Gagosian

The Rainbow Serpent

29 Apr - 04 Jun 2015

"The Rainbow Serpent"
Installation view
Photo by Silia Psychi
THE RAINBOW SERPENT
29 April – 4 June 2015

When all the knots of the heart are unloosened, then even here, in this human birth, the mortal becomes immortal.
—Katha Upanishad

“The Rainbow Serpent” is an exhibition concerning cosmic aesthetics, transcendental insight, and erotic mysticism that takes the awakening of the kundalini as a curatorial conceit.

The kundalini (coiled snake) is thought to be a latent energy column that lies dormant at the base of the spine. The awakening can occur through intense meditation or even traumatic experience. Once activated, the body’s energies tune through the spinal column and a universal consciousness sets in, like the opening of the so-called “third eye.”

Dorothy Iannone’s iconic work I Was Thinking of You II (1975/2005), a freestanding painting containing a video of the artist, celebrates the uninhibited joy of sexuality. The moment of awakening is detailed in The Fountain of Wisdom (1988–89) by the late clairvoyant and remote viewer Ingo Swann. The painting portrays a libidinal trifecta rising from a vortex: a muscular hirsute, a serpentine leather cop, and a burlesque animus.
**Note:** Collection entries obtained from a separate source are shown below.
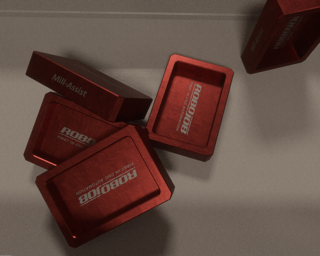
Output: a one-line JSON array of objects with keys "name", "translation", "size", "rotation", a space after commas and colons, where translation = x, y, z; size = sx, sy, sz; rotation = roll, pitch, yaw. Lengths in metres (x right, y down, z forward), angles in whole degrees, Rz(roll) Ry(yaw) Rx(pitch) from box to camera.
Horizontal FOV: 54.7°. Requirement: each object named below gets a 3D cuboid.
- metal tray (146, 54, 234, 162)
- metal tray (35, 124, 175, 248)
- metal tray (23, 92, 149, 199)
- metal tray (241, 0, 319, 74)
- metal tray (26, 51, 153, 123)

Similarly, in Marina Abramović’s shamanistic bust, healing crystals emerge from all surfaces of the face, tracing points of energy as they breach from the source.

The figure abstracts itself in The Clever Fox (2014) by Dan Colen, in which a multitude of metal studs stands in for the erotic body. In the painting Untitled (Great Mission Inside My Brain) (2014), Piotr Uklański embraces pseudoscience to explore compositional chakras and cosmic craft in a New Age mandala on canvas. A photograph by Carsten Höller depicts vignettes based on the artist’s experiment at the Hamburger Bahnhof where reindeers expelled psychedelic urine from eating magic mushrooms for controlled consumption by willing viewers.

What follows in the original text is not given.